Jules Janin fut nommé à la place de Sainte-Beuve le 7 avril 1870; son discours de réception ne devait être prononcé que le 9 novembre 1871. Dans l’intervalle, la guerre, la chute de l’Empire, le siège de Paris, la Commune, avaient comme suspendu la vie de l’Académie. Lorsque, dans les derniers mois de 1871, elle put enfin reprendre régulièrement ses séances, il se trouva qu’elle avait à pourvoir à quatre vacances: il lui fallait remplacer Montalembert, Villemain, Prévost-Paradol et Prosper Mérimée[429].

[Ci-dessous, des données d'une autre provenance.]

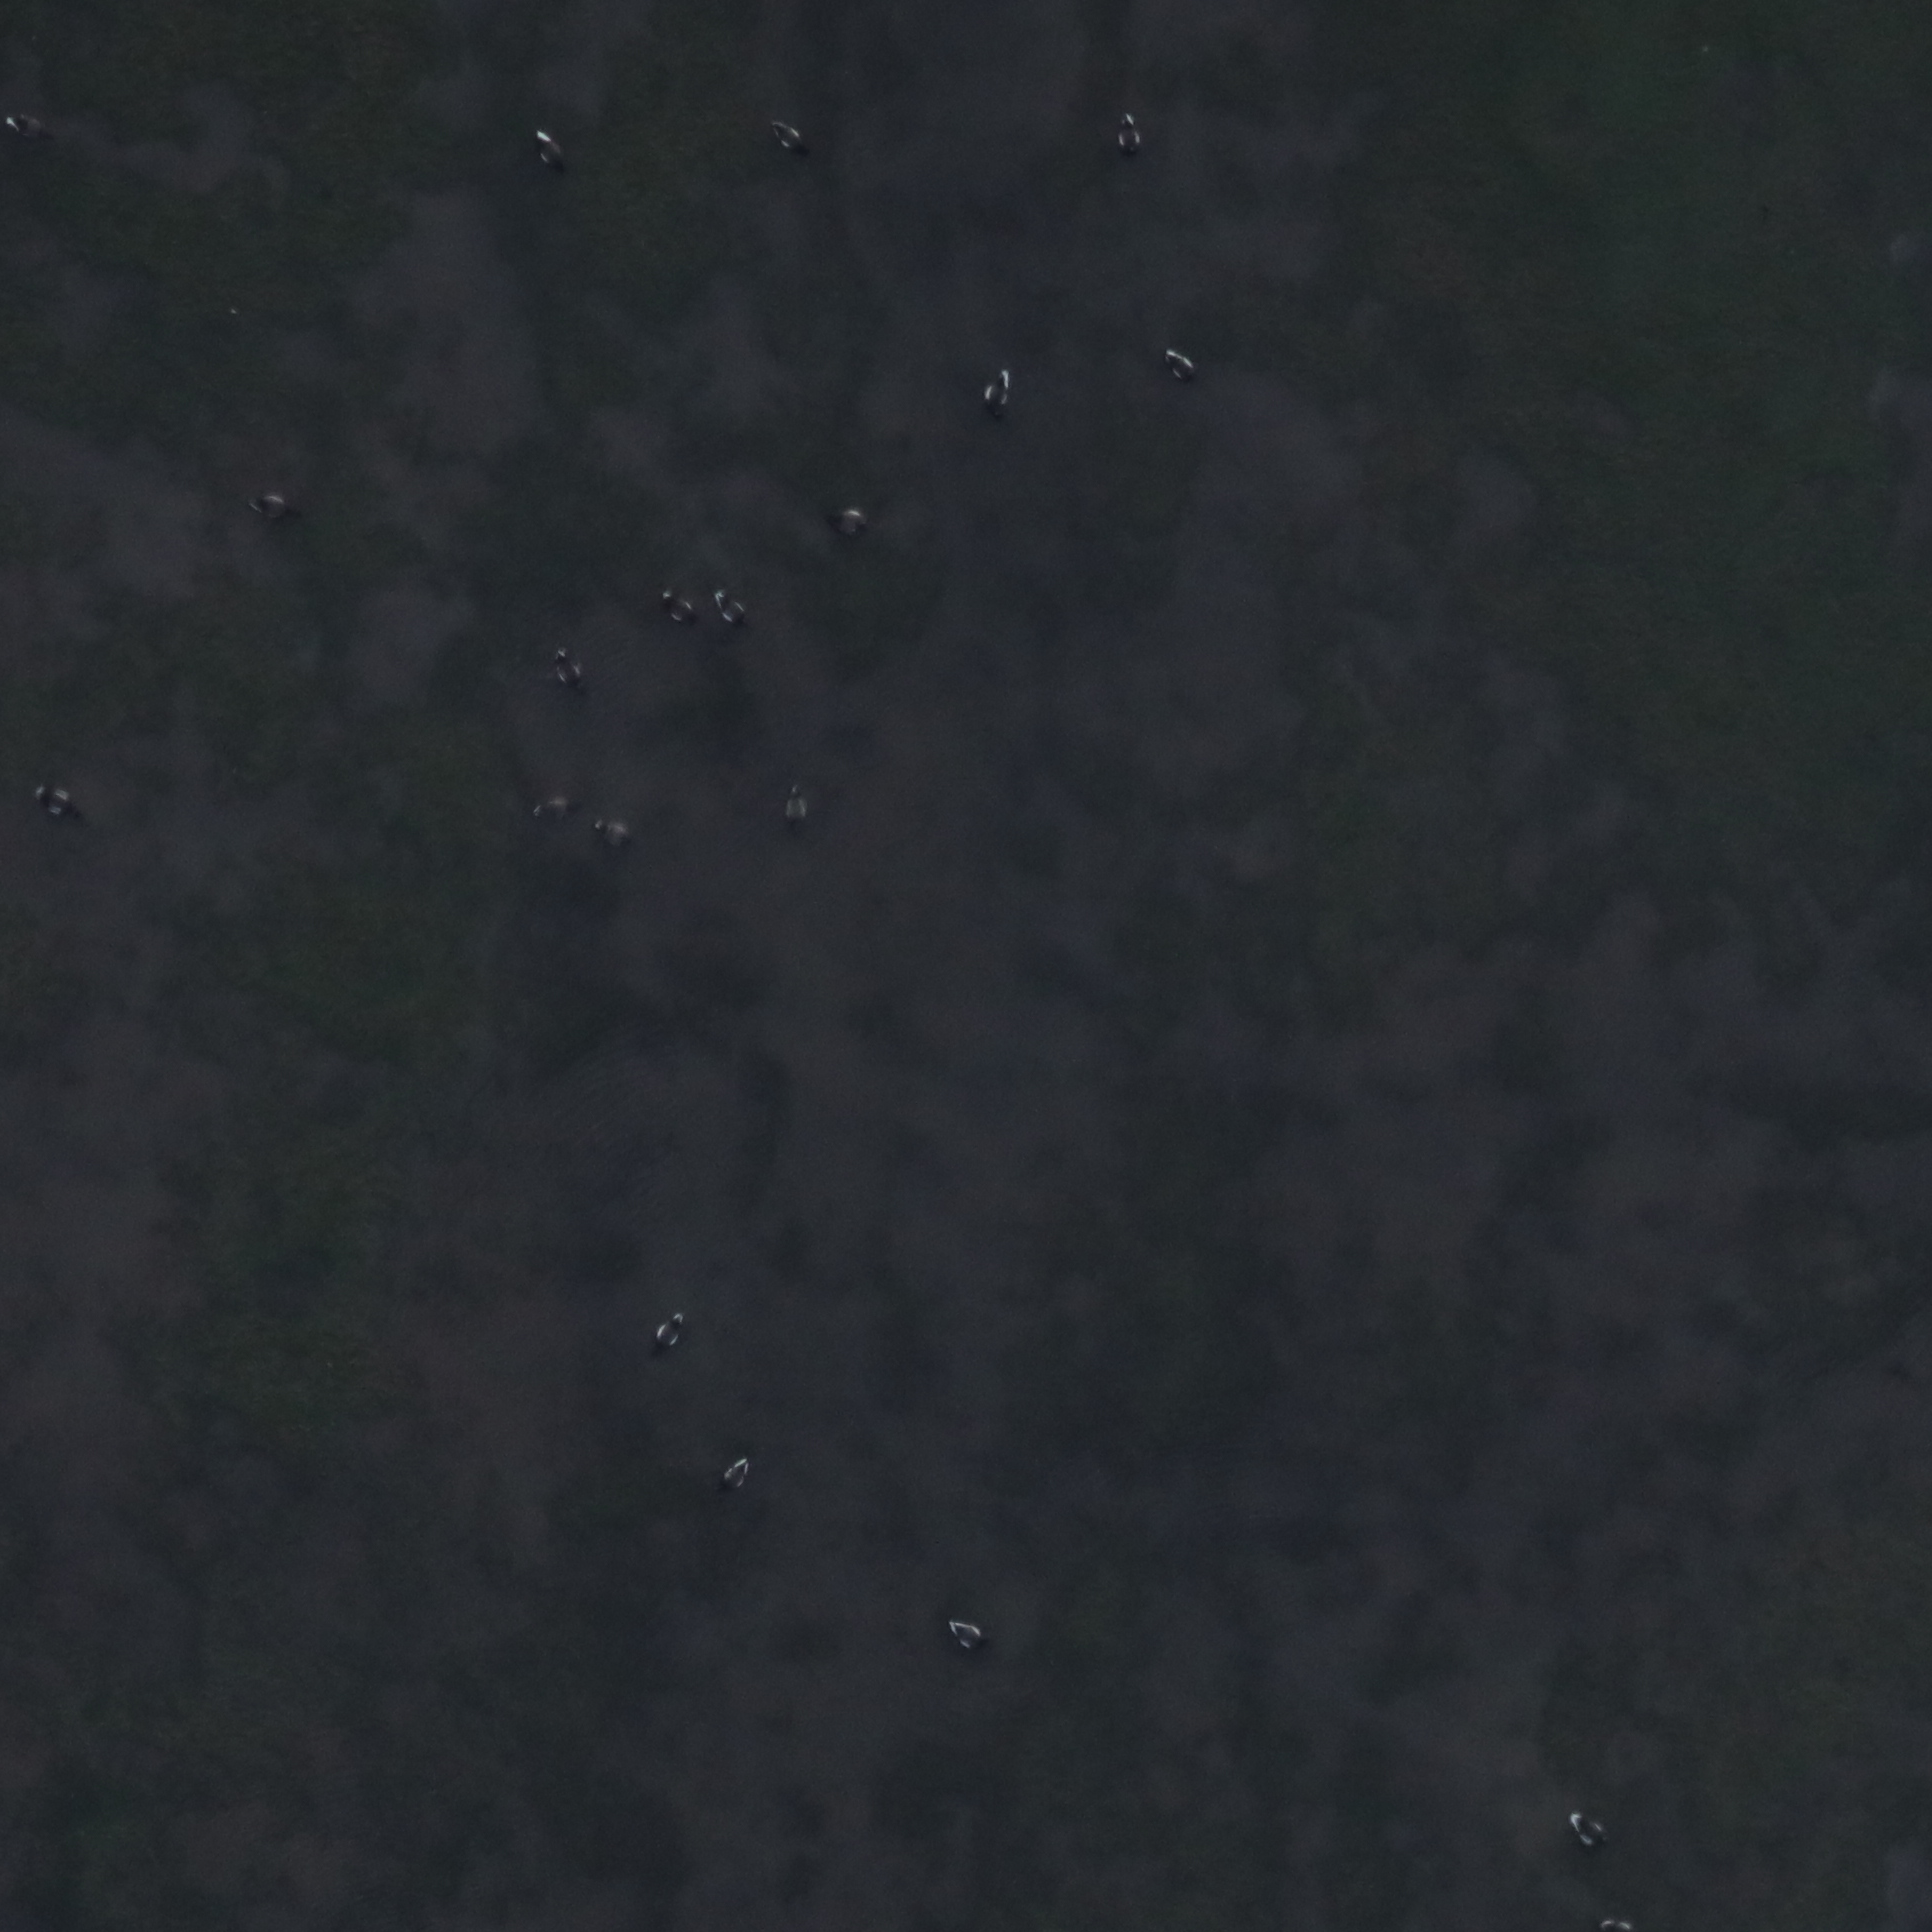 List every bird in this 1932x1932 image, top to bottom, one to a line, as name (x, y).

brant (23, 124)
brant (788, 137)
brant (1128, 137)
brant (549, 151)
brant (1180, 365)
brant (999, 392)
brant (274, 505)
brant (850, 521)
brant (680, 608)
brant (730, 608)
brant (567, 669)
brant (55, 801)
brant (795, 808)
brant (550, 810)
brant (614, 833)
brant (669, 1333)
brant (736, 1476)
brant (967, 1635)
brant (1588, 1831)
brant (1617, 1930)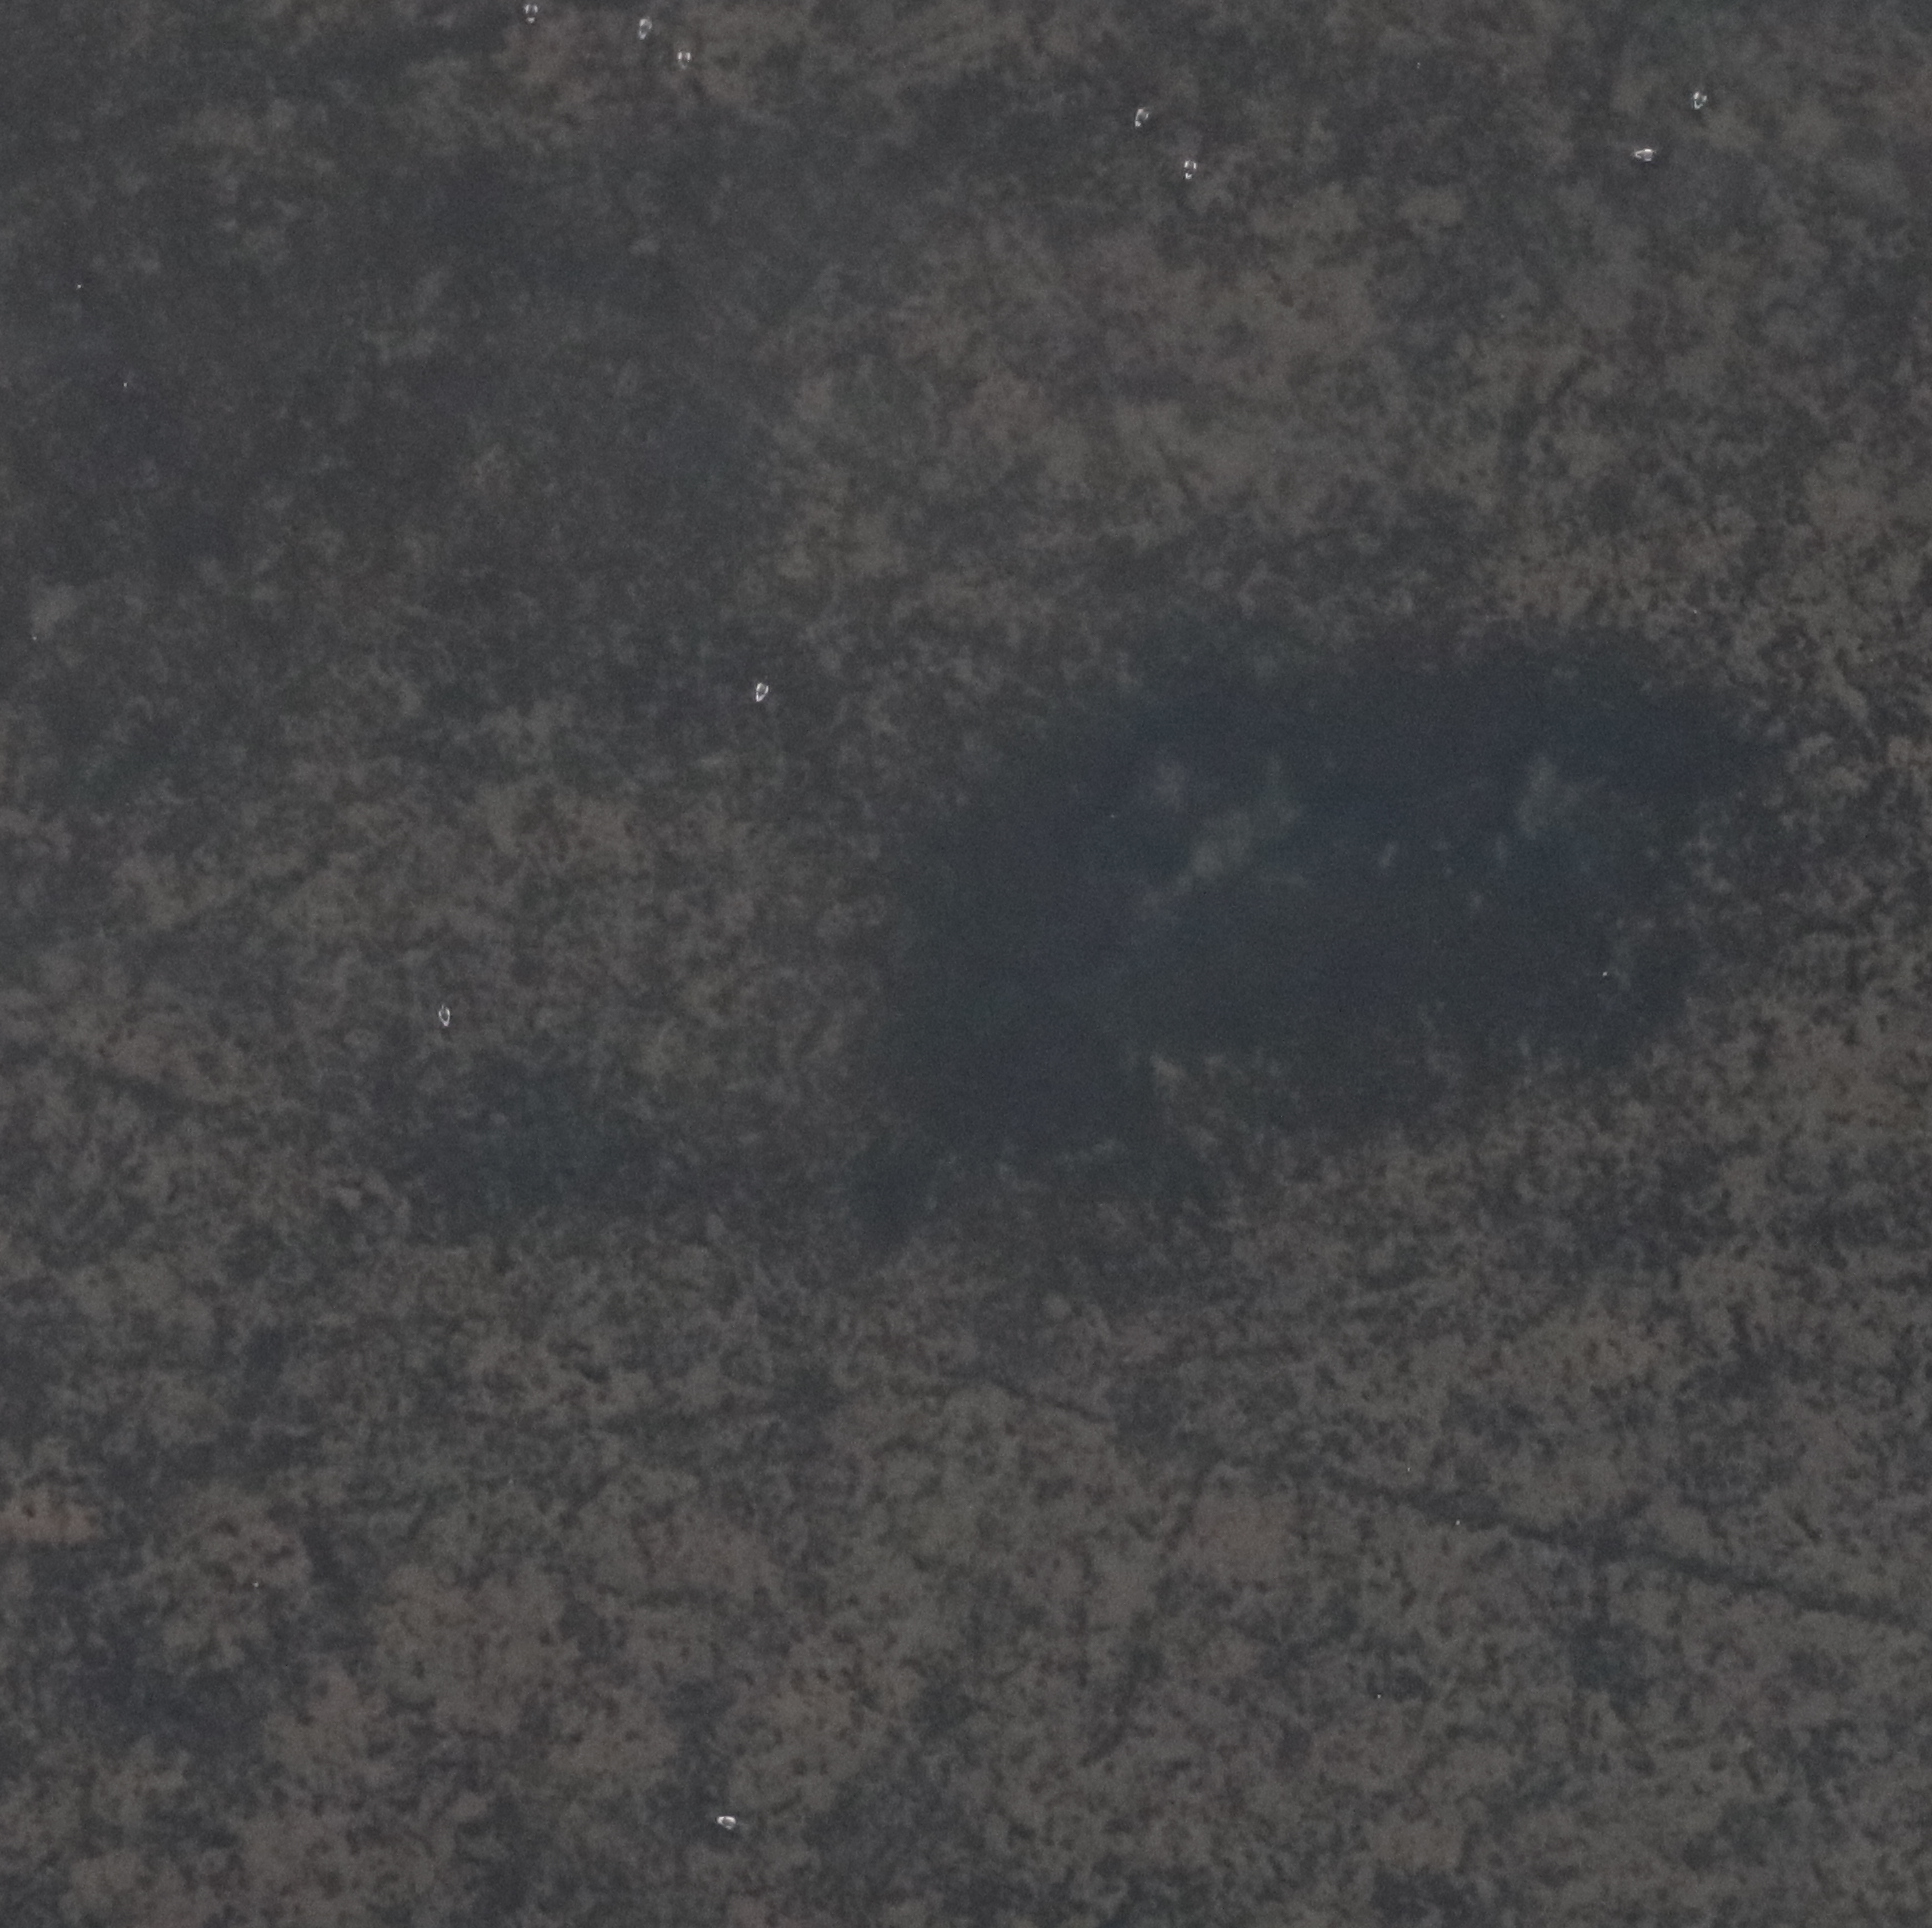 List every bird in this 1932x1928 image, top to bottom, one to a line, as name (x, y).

L’occasion, certes, était propice, et il convenait de ne la pas laisser échapper. Avant même d’agir auprès de Pontmartin, j’écrivis à M. de Falloux pour m’assurer de ses intentions, et j’en reçus la réponse suivante, datée du 8 août 1871:

Je vous remercie, cher monsieur, de votre aimable souvenir et de l’appréciation, si juste à mon sens, de notre vraie situation. Du reste, si je suis affligé par la conduite de M. Thiers, je n’en suis plus surpris depuis un certain nombre de mois, et je puis dire loin de lui ce que je lui ai dit à lui-même: il se trompe aujourd’hui sur l’état de la France, comme il s’est trompé sur l’état de Paris avant le 18 mars. Ces illusions-là nous ont coûté déjà bien cher: elles peuvent entraîner encore de plus épouvantables catastrophes.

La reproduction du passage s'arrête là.